--- ASSIGNMENT ---
Only the lines below between the ones containing "for major_axis in" and "major_axis=major_axis, ratio=0.5780931, dxfattribs=at)", inclusive, are to be reproduced, each exactly as it stands.
---*---
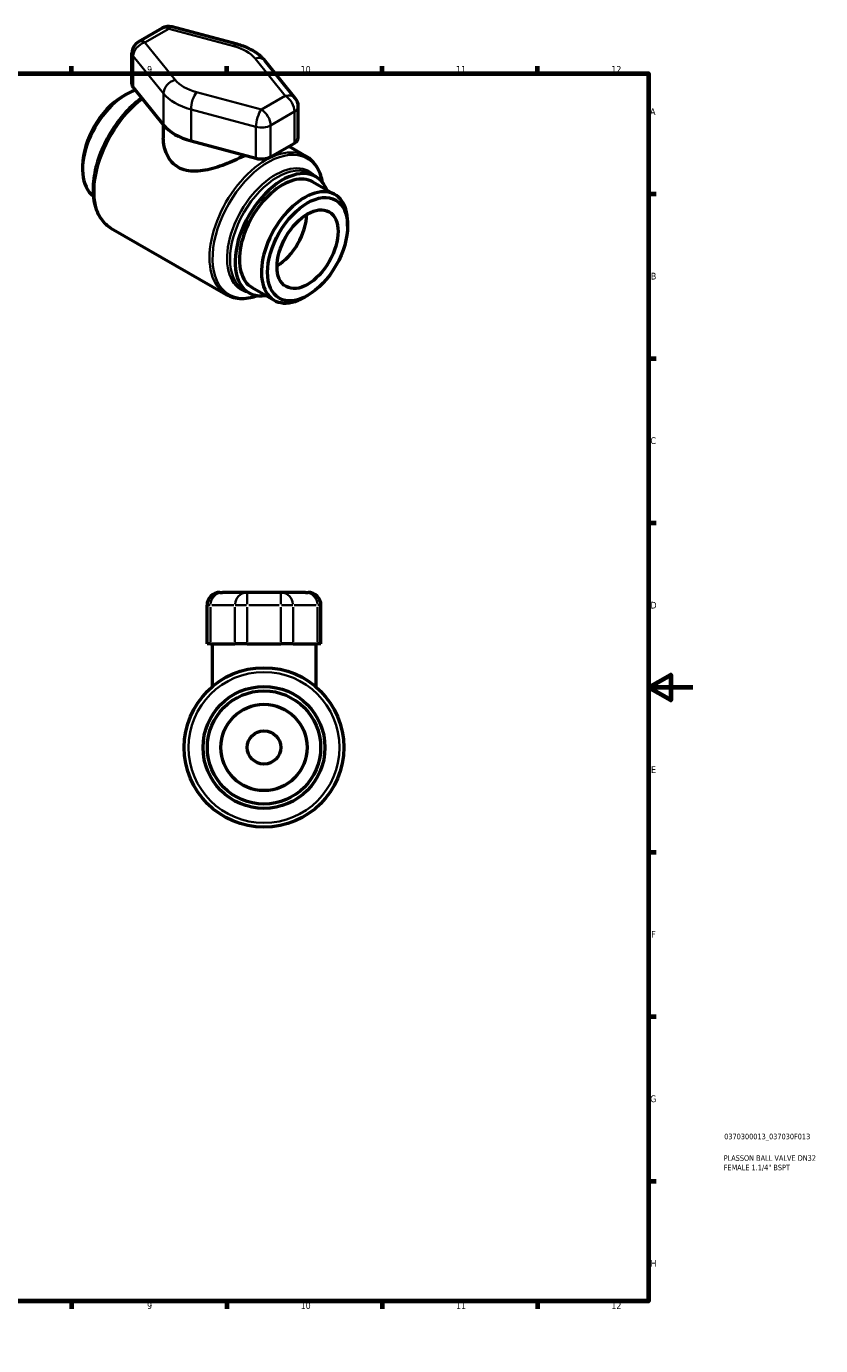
# Model space of a CAD drawing. Header units: millimetres. Extents: x 0 to 899, y -247 to 595.
# Tile 3 of 3: x 540 to 899, y 0 to 595. Entities that reach past the tile are written whole.
import ezdxf

# ---------------------------------------------------------------- set-up
doc = ezdxf.new("R2010")
doc.units = ezdxf.units.MM
for name, color, linetype, lineweight in [('Border (ANSI)', 7, 'Continuous', 70), ('Title (ISO)', 7, 'Continuous', 50), ('Visible (ANSI)', 7, 'Continuous', 50), ('Visible Narrow (ANSI)', 7, 'Continuous', 35)]:
    doc.layers.add(name, color=color, linetype=linetype, lineweight=lineweight)
doc.styles.add('Note Text (ANSI)', font='tahoma.ttf')
doc.styles.add('Note Text (ISO)', font='tahoma.ttf')

# ---------------------------------------------------------------- blocks, each defined once
blk = doc.blocks.new('Borders Default Border')
at = {"layer": 'Border (ANSI)'}
for p, q in [((70.08, 574), (70.08, 577.45)), ((140.17, 574), (140.17, 577.45)), ((210.25, 574), (210.25, 577.45)), ((280.33, 574), (280.33, 577.45)), ((350.42, 574), (350.42, 577.45)), ((490.58, 574), (490.58, 577.45)), ((560.67, 574), (560.67, 577.45)), ((630.75, 574), (630.75, 577.45)), ((700.83, 574), (700.83, 577.45)), ((770.92, 574), (770.92, 577.45)), ((20, 519.75), (16.55, 519.75)), ((821, 519.75), (824.45, 519.75)), ((20, 445.5), (16.55, 445.5)), ((821, 445.5), (824.45, 445.5)), ((20, 371.25), (16.55, 371.25)), ((821, 371.25), (824.45, 371.25)), ((20, 222.75), (16.55, 222.75)), ((821, 222.75), (824.45, 222.75)), ((20, 148.5), (16.55, 148.5)), ((821, 148.5), (824.45, 148.5)), ((20, 74.25), (16.55, 74.25)), ((821, 74.25), (824.45, 74.25)), ((70.08, 20), (70.08, 16.55)), ((140.17, 20), (140.17, 16.55)), ((210.25, 20), (210.25, 16.55)), ((280.33, 20), (280.33, 16.55)), ((350.42, 20), (350.42, 16.55)), ((490.58, 20), (490.58, 16.55)), ((560.67, 20), (560.67, 16.55)), ((630.75, 20), (630.75, 16.55)), ((700.83, 20), (700.83, 16.55)), ((770.92, 20), (770.92, 16.55))]:
    blk.add_line(p, q, dxfattribs=at)
at = {"layer": 'Border (ANSI)', "flags": 128}
for points in [[(420.5, 594), (420.5, 574), (414.73, 584), (426.27, 584), (420.5, 574)], [(20, 20), (20, 574), (821, 574), (821, 20), (20, 20)], [(0, 297), (20, 297), (10, 302.77), (10, 291.23), (20, 297)], [(841, 297), (821, 297), (831, 302.77), (831, 291.23), (821, 297)], [(420.5, 0), (420.5, 20), (414.73, 10), (426.27, 10), (420.5, 20)]]:
    blk.add_lwpolyline(points, dxfattribs=at)
at = {"layer": 'Border (ANSI)', "color": 230, "true_color": 0xff0080, "attachment_point": 7, "style": 'Note Text (ANSI)'}
for s, insert, char_height in [('1', (34.35, 574.4), 3.05), ('2', (104.2, 574.4), 3.05), ('3', (174.26, 574.34), 3.05), ('4', (244.23, 574.4), 3.05), ('5', (314.48, 574.34), 3.05), ('6', (384.49, 574.34), 3.05), ('7', (454.6, 574.4), 3.05), ('8', (524.63, 574.33), 3.05), ('9', (594.7, 574.34), 3.05), ('10', (663.96, 574.34), 3.048), ('11', (734.04, 574.4), 3.048), ('12', (804.13, 574.4), 3.048), ('A', (16.78, 555.35), 3.05), ('A', (821.63, 555.35), 3.05), ('B', (17.15, 481.1), 3.05), ('B', (821.99, 481.1), 3.05), ('C', (16.95, 406.8), 3.05), ('C', (821.8, 406.8), 3.05), ('D', (16.96, 332.6), 3.05), ('D', (821.81, 332.6), 3.05), ('E', (17.21, 258.35), 3.05), ('E', (822.05, 258.35), 3.05), ('F', (17.29, 184.1), 3.05), ('F', (822.14, 184.1), 3.05), ('G', (16.81, 109.79), 3.05), ('G', (821.66, 109.79), 3.05), ('H', (16.97, 35.6), 3.05), ('H', (821.81, 35.6), 3.05), ('1', (34.35, 16.55), 3.05), ('2', (104.2, 16.55), 3.05), ('3', (174.26, 16.49), 3.05), ('4', (244.23, 16.55), 3.05), ('5', (314.48, 16.49), 3.05), ('6', (384.49, 16.49), 3.05), ('7', (454.6, 16.55), 3.05), ('8', (524.63, 16.48), 3.05), ('9', (594.7, 16.49), 3.05), ('10', (663.96, 16.49), 3.048), ('11', (734.04, 16.55), 3.048), ('12', (804.13, 16.55), 3.048)]:
    blk.add_mtext(s, dxfattribs=dict(at, insert=insert, char_height=char_height))
blk = doc.blocks.new('Title Blocks ISO')
at = {"layer": 'Title (ISO)', "color": 232, "true_color": 0xca0064, "style": 'Note Text (ISO)'}
for tag, p in [('PART_NUMBER_001', (34.08, 73.13)), ('DESCRIPTION_001', (33.84, 63.4)), ('DESCRIPTION_002', (33.84, 59.12))]:
    blk.add_attdef(tag, p, '', height=2.5, dxfattribs=at)

msp = doc.modelspace()

# ---------------------------------------------------------------- linework, layer by layer
at = {"layer": 'Visible (ANSI)'}
for p, q in [((601.582, 594.55), (590.839, 588.363)), ((635.299, 587.277), (606.011, 595.13)), ((587.912, 569.109), (587.912, 583.299)), ((661.59, 562.899), (647.953, 579.765)), ((588.458, 567.689), (602.095, 550.823)), ((583.611, 563.686), (584.983, 564.482)), ((662.889, 545.035), (662.889, 559.226)), ((602.029, 550.904), (602.029, 544.958)), ((614.549, 543.651), (643.837, 535.798)), ((650.434, 536.469), (661.178, 542.656)), ((658.655, 541.204), (666.307, 536.797)), ((565.613, 532.431), (565.613, 530.845)), ((668.644, 528.816), (670.902, 527.516)), ((669.529, 525.133), (679.466, 519.411)), ((685.188, 505.191), (685.188, 506.777)), ((578.407, 504.33), (630.376, 474.403)), ((638.452, 476.388), (640.71, 475.088)), ((642.083, 477.471), (652.019, 471.749)), ((667.19, 473.937), (665.818, 473.141)), ((627.598, 339.927), (628.8, 339.927)), ((639.867, 339.927), (628.8, 339.927)), ((655.061, 339.927), (639.867, 339.927)), ((666.127, 339.927), (655.061, 339.927)), ((666.127, 339.927), (667.329, 339.927)), ((621.755, 316.727), (621.755, 334.085)), ((673.172, 316.727), (673.172, 334.085)), ((623.311, 316.727), (621.755, 316.727)), ((623.311, 316.727), (634.378, 316.727)), ((624.093, 316.727), (624.093, 297.31)), ((639.867, 316.727), (634.378, 316.727)), ((639.867, 316.727), (655.061, 316.727)), ((660.55, 316.727), (655.061, 316.727)), ((660.55, 316.727), (671.617, 316.727)), ((670.835, 316.727), (670.835, 297.31)), ((673.172, 316.727), (671.617, 316.727))]:
    msp.add_line(p, q, dxfattribs=at)
for radius in [36, 27.5, 25.552, 19.476, 7.524]:
    msp.add_circle((647.464, 269.927), radius, dxfattribs=at)
for centre, start, end in [((604.498, 589.486), 74.990204, 119.935992), ((593.755, 583.299), 119.935992, 180), ((657.046, 559.226), 0, 38.957665), ((627.598, 334.085), 90, 180), ((667.329, 334.085), 0, 90)]:
    msp.add_arc(centre, 5.843, start, end, dxfattribs=at)
for centre, major_axis, ratio, start_param, end_param in [((585.058, 542.043), (-13.723, -23.831), 0.5780931, 3.6976387, 6.2185837), ((593.755, 569.109), (-5.843, 0), 0.5758617, 0, 0.4357669), ((583.681, 542.836), (-12.751, -22.143), 0.5780931, 3.9289245, 5.4958534), ((625.401, 557.072), (25.708, 0), 0.5758617, 3.5773596, 4.2766221), ((657.046, 545.035), (5.843, 0), 0.5758617, 5.4977871, 6.2831853), ((646.303, 538.849), (5.843, 0), 0.5758617, 4.2766221, 5.4977871), ((655.806, 501.302), (15.096, 26.214), 0.5780931, 5.8534856, 9.8544776), ((655.806, 501.302), (13.723, 23.831), 0.5780931, 0, 3.1415927), ((665.743, 495.58), (13.723, 23.831), 0.5780931, 5.4958534, 10.2121098), ((652.978, 502.93), (9.719, 16.878), 0.5780931, 3.9522371, 5.4725409)]:
    msp.add_ellipse(centre, major_axis=major_axis, ratio=ratio, start_param=start_param, end_param=end_param, dxfattribs=at)
for major_axis in [(-12.751, -22.143), (-9.719, -16.878)]:
    msp.add_ellipse((667.12, 494.787), major_axis=major_axis, ratio=0.5780931, dxfattribs=at)
for points, knots in [([(647.953, 579.765), (647.343, 580.519), (646.669, 581.216), (645.217, 582.504), (644.441, 583.095), (642.803, 584.18), (641.943, 584.674), (640.151, 585.571), (639.22, 585.973), (637.3, 586.691), (636.311, 587.006), (635.299, 587.277)], [1.22116509, 1.22116509, 1.22116509, 1.22116509, 1.36101758, 1.36101758, 1.50087008, 1.50087008, 1.64072257, 1.64072257, 1.78057507, 1.78057507, 1.92042757, 1.92042757, 1.92042757, 1.92042757]), ([(592.242, 563.009), (592.116, 562.918), (591.991, 562.827), (589.119, 560.706), (586.463, 558.21), (581.589, 552.55), (579.369, 549.39), (575.574, 542.719), (573.997, 539.211), (571.639, 532.174), (570.859, 528.647), (570.196, 521.905), (570.315, 518.691), (571.499, 512.923), (572.557, 510.358), (575.263, 506.637), (576.726, 505.298), (578.407, 504.33)], [6.4077407, 6.4077407, 6.4077407, 6.4077407, 6.4227579, 6.4227579, 6.7518331, 6.7518331, 7.0794217, 7.0794217, 7.4063509, 7.4063509, 7.7340092, 7.7340092, 8.0631297, 8.0631297, 8.3888918, 8.3888918, 8.6413135, 8.6413135, 8.6413135, 8.6413135]), ([(638.955, 537.107), (638.755, 537.004), (638.553, 536.901), (637.048, 536.137), (635.653, 535.47), (632.77, 534.183), (631.28, 533.563), (628.308, 532.434), (626.825, 531.925), (623.962, 531.07), (622.475, 530.692), (619.505, 530.137), (618.023, 529.96), (615.155, 529.899), (613.766, 530.015), (611.167, 530.593), (609.957, 531.057), (607.792, 532.304), (606.798, 533.109), (605.071, 535.022), (604.338, 536.128), (603.17, 538.514), (602.735, 539.794), (602.164, 542.388), (602.029, 543.7), (602.029, 544.958)], [4.0414239, 4.0414239, 4.0414239, 4.0414239, 4.1129538, 4.1129538, 4.5679914, 4.5679914, 5.0230289, 5.0230289, 5.4780664, 5.4780664, 5.937508, 5.937508, 6.3969495, 6.3969495, 6.856391, 6.856391, 7.3158325, 7.3158325, 7.775274, 7.775274, 8.2347156, 8.2347156, 8.6941571, 8.6941571, 9.1535986, 9.1535986, 9.1535986, 9.1535986]), ([(673.882, 524.933), (673.68, 526.009), (673.413, 527.043), (672.65, 529.311), (672.109, 530.511), (670.807, 532.706), (670.047, 533.702), (668.321, 535.446), (667.355, 536.193), (666.307, 536.797)], [4.90636244, 4.90636244, 4.90636244, 4.90636244, 5.02732173, 5.02732173, 5.1847881, 5.1847881, 5.34225448, 5.34225448, 5.49972085, 5.49972085, 5.49972085, 5.49972085]), ([(630.376, 474.403), (631.425, 473.799), (632.556, 473.34), (634.931, 472.722), (636.174, 472.564), (638.726, 472.54), (640.035, 472.674), (642.38, 473.153), (643.408, 473.441), (644.44, 473.806)], [2.3581282, 2.3581282, 2.3581282, 2.3581282, 2.51559457, 2.51559457, 2.67306095, 2.67306095, 2.83052732, 2.83052732, 2.95148661, 2.95148661, 2.95148661, 2.95148661])]:
    msp.add_open_spline(points, degree=3, knots=knots, dxfattribs=at)
at = {"layer": 'Visible Narrow (ANSI)'}
for p, q in [((593.755, 588.076), (604.498, 594.263)), ((604.498, 594.263), (633.786, 586.41)), ((607.391, 571.211), (593.755, 588.076)), ((588.458, 567.689), (588.458, 581.879)), ((588.458, 581.879), (602.095, 565.014)), ((643.41, 580.868), (657.046, 564.003)), ((646.303, 557.816), (617.015, 565.669)), ((602.095, 550.823), (602.095, 565.014)), ((657.046, 564.003), (646.303, 557.816)), ((614.549, 557.842), (643.837, 549.989)), ((614.549, 543.651), (614.549, 557.842)), ((650.434, 550.66), (661.178, 556.847)), ((661.178, 556.847), (661.178, 542.656)), ((643.837, 549.989), (643.837, 535.798)), ((650.434, 536.469), (650.434, 550.66)), ((639.867, 339.909), (639.867, 334.543)), ((655.061, 334.543), (655.061, 339.909)), ((623.161, 334.085), (621.759, 334.085)), ((623.864, 334.085), (633.824, 334.085)), ((639.51, 334.085), (634.51, 334.085)), ((640.627, 334.085), (654.301, 334.085)), ((660.418, 334.085), (655.417, 334.085)), ((661.103, 334.085), (671.063, 334.085)), ((673.168, 334.085), (671.767, 334.085)), ((623.311, 317.595), (623.311, 333.217)), ((634.378, 333.217), (634.378, 317.595)), ((639.867, 317.595), (639.867, 333.217)), ((655.061, 333.217), (655.061, 317.595)), ((660.55, 317.595), (660.55, 333.217)), ((671.617, 317.595), (671.617, 333.217))]:
    msp.add_line(p, q, dxfattribs=at)
msp.add_circle((647.464, 269.927), 34.052, dxfattribs=at)
for centre, major_axis, ratio, start_param, end_param in [((604.498, 589.486), (-2.916, 5.063), 0.5780931, 5.4997209, 6.2831853), ((604.498, 589.486), (1.513, 5.643), 0.3450914, 0, 0.660552), ((593.755, 583.299), (4.543, 3.674), 0.7411446, 1.0309205, 2.6017168), ((593.755, 583.299), (-2.916, 5.063), 0.5780931, 5.4997209, 6.2831853), ((633.786, 581.633), (1.513, 5.643), 0.3450914, 0, 0.660552), ((625.401, 576.039), (19.866, 0), 0.5758617, 0.4357669, 1.1350294), ((593.755, 583.299), (-5.843, 0), 0.5758617, 0, 0.4357669), ((643.41, 576.091), (4.543, 3.674), 0.7411446, 0, 1.0309205), ((607.391, 566.434), (4.543, 3.674), 0.7411446, 1.0309205, 2.6017168), ((625.401, 576.039), (-19.866, 0), 0.5758617, 0.4357669, 1.1350294), ((617.015, 560.892), (1.513, 5.643), 0.3450914, 0.660552, 2.2313483), ((596.372, 535.527), (-17.965, -31.197), 0.5780931, 4.0717057, 6.2831853), ((625.401, 571.263), (25.708, 0), 0.5758617, 3.5773596, 4.2766221), ((657.046, 559.226), (4.543, 3.674), 0.7411446, 0, 1.0309205), ((657.046, 559.226), (2.916, -5.063), 0.5780931, 0.7873319, 2.3581282), ((646.303, 553.039), (-1.513, -5.643), 0.3450914, 3.8021446, 5.3729409), ((646.303, 553.039), (-2.916, 5.063), 0.5780931, 3.9289245, 5.4997209), ((657.046, 559.226), (5.843, 0), 0.5758617, 5.4977871, 6.2831853), ((646.303, 553.039), (5.843, 0), 0.5758617, 4.2766221, 5.4977871), ((648.341, 505.6), (17.965, 31.197), 0.5780931, 0, 3.1415927), ((649.315, 505.04), (-17.68, -30.703), 0.5780931, 2.5551664, 6.8696116), ((652.574, 503.163), (15.38, 26.708), 0.5780931, 6.0904895, 9.6174738), ((653.548, 502.602), (-15.096, -26.214), 0.5780931, 3.1415927, 6.2831853), ((628.8, 334.085), (0, 5.843), 0.9394991, 0.0785398, 1.4922565), ((639.867, 334.085), (0, 5.843), 0.9394991, 0.0785398, 1.4922565), ((655.061, 334.085), (0, 5.843), 0.9394991, 4.7909288, 6.2046455), ((666.127, 334.085), (0, 5.843), 0.9394991, 4.7909288, 6.2046455)]:
    msp.add_ellipse(centre, major_axis=major_axis, ratio=ratio, start_param=start_param, end_param=end_param, dxfattribs=at)

# ---------------------------------------------------------------- block references
msp.add_blockref('Borders Default Border', (0, 0))
msp.add_blockref('Title Blocks ISO', (821, 20)).add_auto_attribs({'PART_NUMBER_001': '0370300013_037030F013', 'DESCRIPTION_001': 'PLASSON BALL VALVE DN32', 'DESCRIPTION_002': 'FEMALE 1.1/4" BSPT'})

doc.saveas('drawing.dxf')
---*---
--- PROBLEM SOLUTION ---
for major_axis in [(-12.751, -22.143), (-9.719, -16.878)]:
    msp.add_ellipse((667.12, 494.787), major_axis=major_axis, ratio=0.5780931, dxfattribs=at)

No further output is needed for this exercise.